Нет, право же, они сошлись здесь совершенно случайно.

– Куда ни пойдешь, непременно повсюду встретишь знакомых, – сказал советник Пауль-Эмиль Бакштейн.

– А вы тоже вышли прогуляться?

Лицо Драйдопельта растянулось в улыбке, но, к огорчению присутствующих, он не сказал ни слова и, тотчас же став серьезным, обвел взглядом всех, одного за другим.

Особа надвинула шляпу на глаза и почесала в затылке, а Цвибейн вынул из кармана коробку отборных сигарет и протянул ее вновь прибывшему. Только Эмиль Шнор продолжал смотреть на кончики своих ботинок, что-то тихо насвистывая.

– Это взятка, – сказал Драйдопельт и положил сигарету в жилетный карман. – Я курю тольку трубку.

В эту минуту – и тоже совершенно случайно – из пивной выскочил Рогатый, сопутствуемый каким-то странным мерцанием, и присоединился к приятелям.

– «Смотри на небо, Тимофей, накликал Ивик журавлей»[9],– продекламировал Драйдопельт, который знал классическую литературу, и пристально посмотрел на Юлиуса Шартенпфуля.

Шартенпфуль вздрогнул. Однако он только что пил водку и чувствовал поэтому прилив сил. Он встал навытяжку и даже протянул Драйдопельту руку.

– Вот видите, как бывает, – сказала важная особа, указывая на вновь прибывшего. – Вот еще один приятель, который пришел пропустить несколько рюмок и забыть про служебные невзгоды.

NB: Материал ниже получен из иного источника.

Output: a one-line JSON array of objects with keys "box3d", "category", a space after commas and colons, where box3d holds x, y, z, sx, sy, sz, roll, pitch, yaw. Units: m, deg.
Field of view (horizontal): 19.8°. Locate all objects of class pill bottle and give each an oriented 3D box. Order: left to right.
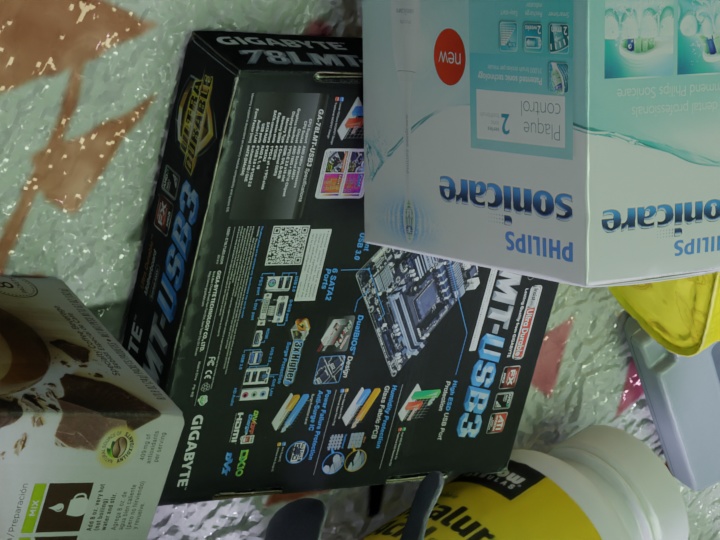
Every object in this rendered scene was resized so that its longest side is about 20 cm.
[{"box3d": [0.063, 0.154, 0.982, 0.199, 0.111, 0.112, -29, 131, -35], "category": "pill bottle"}]

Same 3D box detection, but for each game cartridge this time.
[{"box3d": [0.232, 0.022, 1.086, 0.200, 0.042, 0.134, -35, 136, -13], "category": "game cartridge"}]

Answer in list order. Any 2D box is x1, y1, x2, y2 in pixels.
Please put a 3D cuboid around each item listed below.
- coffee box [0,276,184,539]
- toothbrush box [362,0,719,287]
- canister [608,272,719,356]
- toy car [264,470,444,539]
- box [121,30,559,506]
[{"box3d": [-0.182, 0.057, 0.751, 0.199, 0.113, 0.080, 3, 115, -38], "category": "coffee box"}, {"box3d": [0.071, -0.103, 0.775, 0.085, 0.146, 0.201, -7, 102, -32], "category": "toothbrush box"}, {"box3d": [0.211, -0.066, 0.967, 0.199, 0.087, 0.149, -31, 148, -20], "category": "canister"}, {"box3d": [-0.044, 0.153, 0.835, 0.158, 0.164, 0.200, 54, 50, -21], "category": "toy car"}, {"box3d": [0.000, 0.000, 0.892, 0.198, 0.050, 0.201, -3, 118, -36], "category": "box"}]

Да иначе их и выдержать было бы невозможно. Каждый отдыхает на свой лад. Один идет в кино и смотрит «Ночь без признаний». Другой опрокидывает кружку-другую пива. Нужно же человеку после трудов праведных хоть изредка развлечься.

– Особенно если вспомнить, – вставил Цвибейн, – что, по последним статистическим данным, на одного чиновника приходится в среднем сто нечиновников. Ведь это целая рота, которой должен командовать наш брат.

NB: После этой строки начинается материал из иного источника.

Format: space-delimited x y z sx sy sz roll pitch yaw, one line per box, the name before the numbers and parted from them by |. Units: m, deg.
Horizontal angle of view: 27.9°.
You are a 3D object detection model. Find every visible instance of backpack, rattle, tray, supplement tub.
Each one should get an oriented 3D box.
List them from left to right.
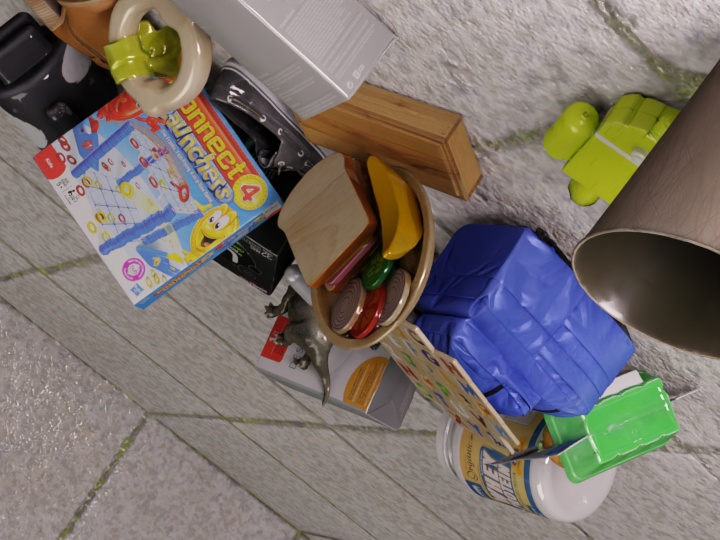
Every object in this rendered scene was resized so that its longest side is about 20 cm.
rattle | -0.153 -0.248 1.438 0.200 0.142 0.131 -50 58 34
tray | 0.019 -0.138 1.425 0.199 0.037 0.099 22 158 30
backpack | 0.163 0.067 1.482 0.200 0.168 0.162 40 171 -22
supplement tub | 0.205 0.224 1.812 0.199 0.145 0.145 10 149 50

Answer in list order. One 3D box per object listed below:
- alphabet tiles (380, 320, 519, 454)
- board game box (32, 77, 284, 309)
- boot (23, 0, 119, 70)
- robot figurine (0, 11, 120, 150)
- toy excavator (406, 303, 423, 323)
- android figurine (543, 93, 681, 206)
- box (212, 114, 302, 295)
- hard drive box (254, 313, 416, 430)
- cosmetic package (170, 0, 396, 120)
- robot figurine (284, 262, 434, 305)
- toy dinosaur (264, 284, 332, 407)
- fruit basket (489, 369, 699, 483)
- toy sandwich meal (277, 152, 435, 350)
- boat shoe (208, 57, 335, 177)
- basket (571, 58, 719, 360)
alphabet tiles | 0.078 0.109 1.459 0.166 0.006 0.200 25 157 54
board game box | -0.217 -0.096 1.570 0.201 0.195 0.056 54 179 5
boot | -0.258 -0.265 1.541 0.155 0.074 0.199 41 163 -33
robot figurine | -0.366 -0.212 1.740 0.124 0.151 0.200 -9 138 30
toy excavator | 0.143 0.085 1.600 0.201 0.194 0.100 56 149 9
android figurine | 0.240 -0.078 1.198 0.182 0.041 0.200 35 163 -2
box | -0.152 -0.092 1.681 0.199 0.125 0.149 31 160 5
hard drive box | -0.014 0.093 1.828 0.199 0.157 0.077 16 169 41
cosmetic package | -0.081 -0.234 1.287 0.200 0.090 0.107 44 159 -18
robot figurine | 0.000 0.000 1.662 0.168 0.114 0.200 -17 141 13
toy dinosaur | -0.064 0.062 1.766 0.076 0.201 0.102 10 155 -24
fruit basket | 0.253 0.169 1.603 0.094 0.184 0.200 71 162 0
toy sandwich meal | -0.007 -0.024 1.416 0.070 0.207 0.205 18 173 -36
boat shoe | -0.089 -0.139 1.550 0.070 0.066 0.200 12 150 48
basket | 0.257 -0.060 0.966 0.136 0.201 0.180 43 158 -22
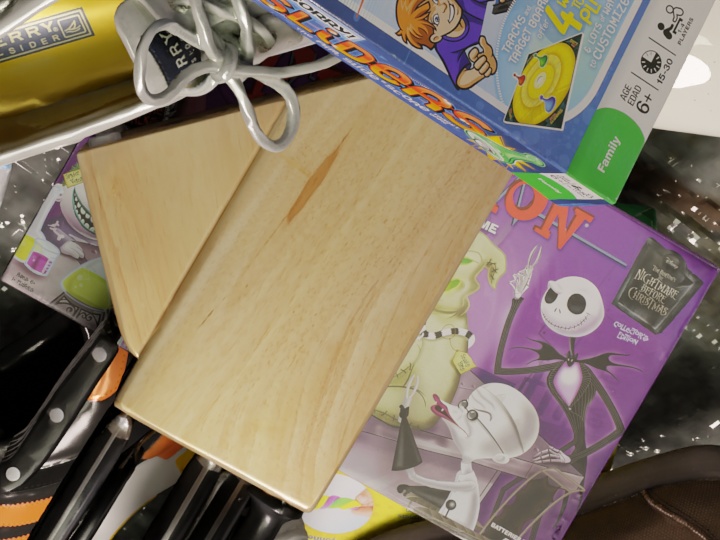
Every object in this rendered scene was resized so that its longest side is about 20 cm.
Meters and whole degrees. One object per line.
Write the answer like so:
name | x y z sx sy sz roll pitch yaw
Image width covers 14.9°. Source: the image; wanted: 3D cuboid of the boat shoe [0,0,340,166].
boat shoe | -0.050 -0.071 0.770 0.201 0.086 0.075 -16 128 11

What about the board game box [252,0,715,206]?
board game box | 0.053 -0.137 0.745 0.135 0.034 0.200 31 78 -22

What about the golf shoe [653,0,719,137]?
golf shoe | 0.153 -0.061 0.847 0.199 0.097 0.078 -2 130 4

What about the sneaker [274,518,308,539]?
sneaker | -0.048 0.161 0.956 0.073 0.112 0.200 -17 162 -29

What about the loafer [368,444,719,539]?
loafer | 0.054 0.123 0.947 0.200 0.071 0.073 -27 124 23

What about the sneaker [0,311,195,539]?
sneaker | -0.124 0.070 0.960 0.090 0.070 0.200 24 121 -38

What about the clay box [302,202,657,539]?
clay box | 0.030 0.060 0.976 0.114 0.048 0.200 8 129 -4

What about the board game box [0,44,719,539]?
board game box | 0.000 0.000 0.883 0.200 0.032 0.120 29 91 -6

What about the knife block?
knife block | -0.019 0.033 0.841 0.199 0.064 0.176 -15 97 -1

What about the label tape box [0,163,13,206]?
label tape box | -0.206 0.001 0.922 0.143 0.066 0.200 16 125 -12
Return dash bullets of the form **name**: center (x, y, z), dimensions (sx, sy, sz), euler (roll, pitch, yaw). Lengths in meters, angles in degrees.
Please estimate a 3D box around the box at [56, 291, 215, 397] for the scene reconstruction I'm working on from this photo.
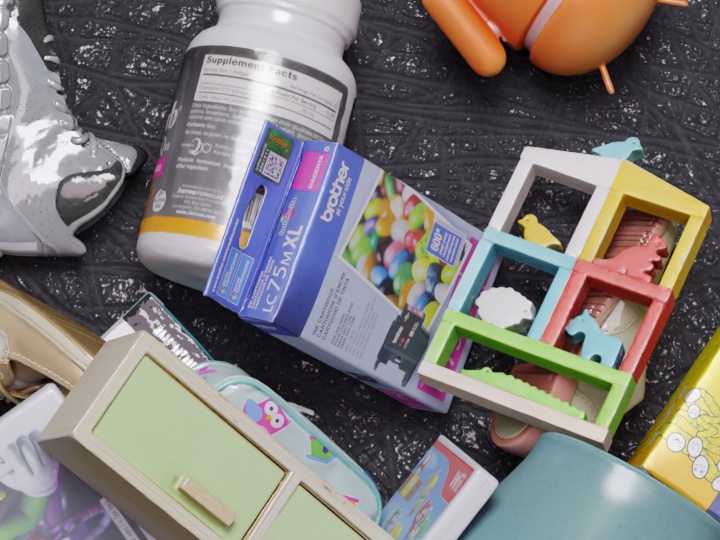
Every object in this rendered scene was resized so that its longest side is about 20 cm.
- **box**: center (-0.178, 0.114, 1.314), dimensions (0.200, 0.049, 0.082), euler (-43, 83, -8)

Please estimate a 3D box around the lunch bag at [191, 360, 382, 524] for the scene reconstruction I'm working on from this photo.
- **lunch bag**: center (-0.095, 0.161, 1.269), dimensions (0.160, 0.077, 0.200), euler (42, 83, -16)

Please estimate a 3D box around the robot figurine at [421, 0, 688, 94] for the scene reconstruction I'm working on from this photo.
- **robot figurine**: center (0.112, -0.206, 1.347), dimensions (0.200, 0.117, 0.144), euler (40, 42, 7)

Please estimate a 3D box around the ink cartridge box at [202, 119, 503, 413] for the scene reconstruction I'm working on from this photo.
- **ink cartridge box**: center (0.000, 0.000, 1.281), dimensions (0.199, 0.042, 0.120), euler (29, 77, -38)

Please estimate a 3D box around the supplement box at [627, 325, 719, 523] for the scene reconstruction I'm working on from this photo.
- **supplement box**: center (0.265, 0.078, 1.295), dimensions (0.108, 0.110, 0.201), euler (34, 81, 6)

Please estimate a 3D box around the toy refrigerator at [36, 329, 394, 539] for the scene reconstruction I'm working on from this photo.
- **toy refrigerator**: center (-0.080, 0.128, 1.184), dimensions (0.200, 0.070, 0.076), euler (42, 66, -16)

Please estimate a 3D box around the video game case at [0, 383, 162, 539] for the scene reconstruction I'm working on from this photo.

– Именно, именно! – подтвердил Шартенпфуль. – Нет, вы попробуйте только держать этакую орду в узде. Штатские об этом и понятия не имеют. А как это изматывает! Ничего удивительного, что у нас не выдерживают нервы.

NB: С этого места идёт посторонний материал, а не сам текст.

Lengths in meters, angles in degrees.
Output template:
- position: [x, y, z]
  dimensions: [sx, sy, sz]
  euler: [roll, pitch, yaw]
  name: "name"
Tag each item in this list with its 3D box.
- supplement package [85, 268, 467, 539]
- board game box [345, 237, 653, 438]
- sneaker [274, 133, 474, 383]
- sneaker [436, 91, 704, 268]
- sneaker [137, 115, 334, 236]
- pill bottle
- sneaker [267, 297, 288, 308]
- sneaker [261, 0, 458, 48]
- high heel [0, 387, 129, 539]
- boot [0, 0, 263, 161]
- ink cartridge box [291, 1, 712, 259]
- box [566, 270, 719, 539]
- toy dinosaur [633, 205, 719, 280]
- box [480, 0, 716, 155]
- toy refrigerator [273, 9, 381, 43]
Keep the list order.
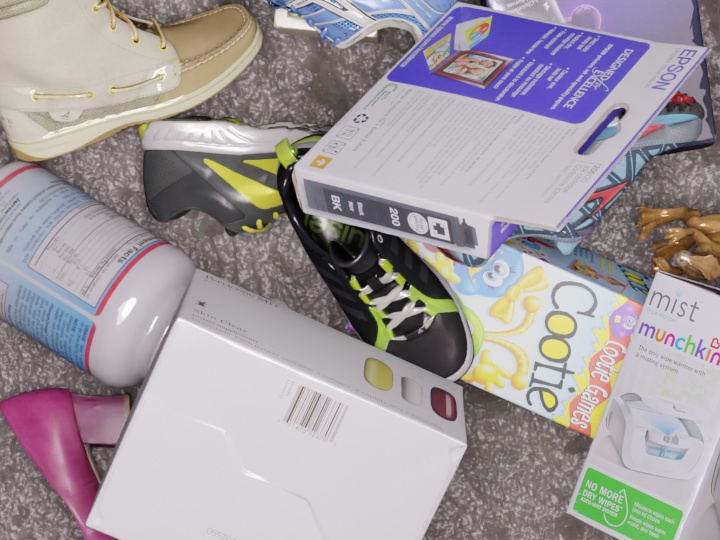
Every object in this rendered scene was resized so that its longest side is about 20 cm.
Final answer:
- position: [-0.052, 0.119, 1.349]
  dimensions: [0.199, 0.111, 0.156]
  euler: [24, 105, -6]
  name: "supplement package"
- position: [0.104, 0.026, 1.464]
  dimensions: [0.199, 0.105, 0.103]
  euler: [24, 104, 2]
  name: "board game box"
- position: [0.000, 0.000, 1.374]
  dimensions: [0.072, 0.083, 0.200]
  euler: [-35, 96, 14]
  name: "sneaker"
- position: [0.136, -0.062, 1.385]
  dimensions: [0.199, 0.079, 0.096]
  euler: [-18, 114, -3]
  name: "sneaker"
- position: [-0.063, -0.065, 1.497]
  dimensions: [0.199, 0.074, 0.085]
  euler: [7, 99, 11]
  name: "sneaker"
- position: [-0.185, 0.013, 1.458]
  dimensions: [0.200, 0.109, 0.109]
  euler: [31, 94, 16]
  name: "pill bottle"
- position: [-0.074, 0.124, 1.509]
  dimensions: [0.105, 0.076, 0.201]
  euler: [25, 93, -17]
  name: "sneaker"
- position: [-0.028, -0.193, 1.415]
  dimensions: [0.199, 0.076, 0.077]
  euler: [6, 91, 5]
  name: "sneaker"
- position: [-0.212, 0.185, 1.502]
  dimensions: [0.096, 0.067, 0.201]
  euler: [-1, 72, -6]
  name: "high heel"
- position: [-0.174, -0.178, 1.446]
  dimensions: [0.199, 0.072, 0.155]
  euler: [-24, 127, -10]
  name: "boot"
- position: [0.092, -0.088, 1.307]
  dimensions: [0.199, 0.198, 0.044]
  euler: [15, 137, 35]
  name: "ink cartridge box"
- position: [0.255, 0.110, 1.417]
  dimensions: [0.097, 0.200, 0.177]
  euler: [24, 94, 41]
  name: "box"
- position: [0.256, -0.024, 1.465]
  dimensions: [0.106, 0.200, 0.061]
  euler: [5, 115, 32]
  name: "toy dinosaur"
- position: [0.160, -0.174, 1.459]
  dimensions: [0.147, 0.104, 0.201]
  euler: [-10, 92, 2]
  name: "box"
- position: [-0.013, -0.267, 1.480]
  dimensions: [0.076, 0.070, 0.201]
  euler: [7, 92, 3]
  name: "toy refrigerator"

– Совершенно верно! – сказал, ухмыляясь, Драйдопельт. – А прибавьте к этому еще всякие тайные неприятности. Скажите, пожалуйста, прикончили уже этого парня, Брунера?

Все замолчали, как по команде. Особа без всякой видимой нужды принялась сморкаться. Раздался сухой звук. Цвибейн – он был несколько долговяз, зато обладал прекрасным голосом и тончайшим обонянием – снова вытащил из кармана коробку сигарет и протянул их спрашивающему. Советник высморкался еще раз, очевидно через другую ноздрю. Раздался тот же сухой и резкий звук. Шнор перестал покачиваться на носках и сдунул пылинку с брюк.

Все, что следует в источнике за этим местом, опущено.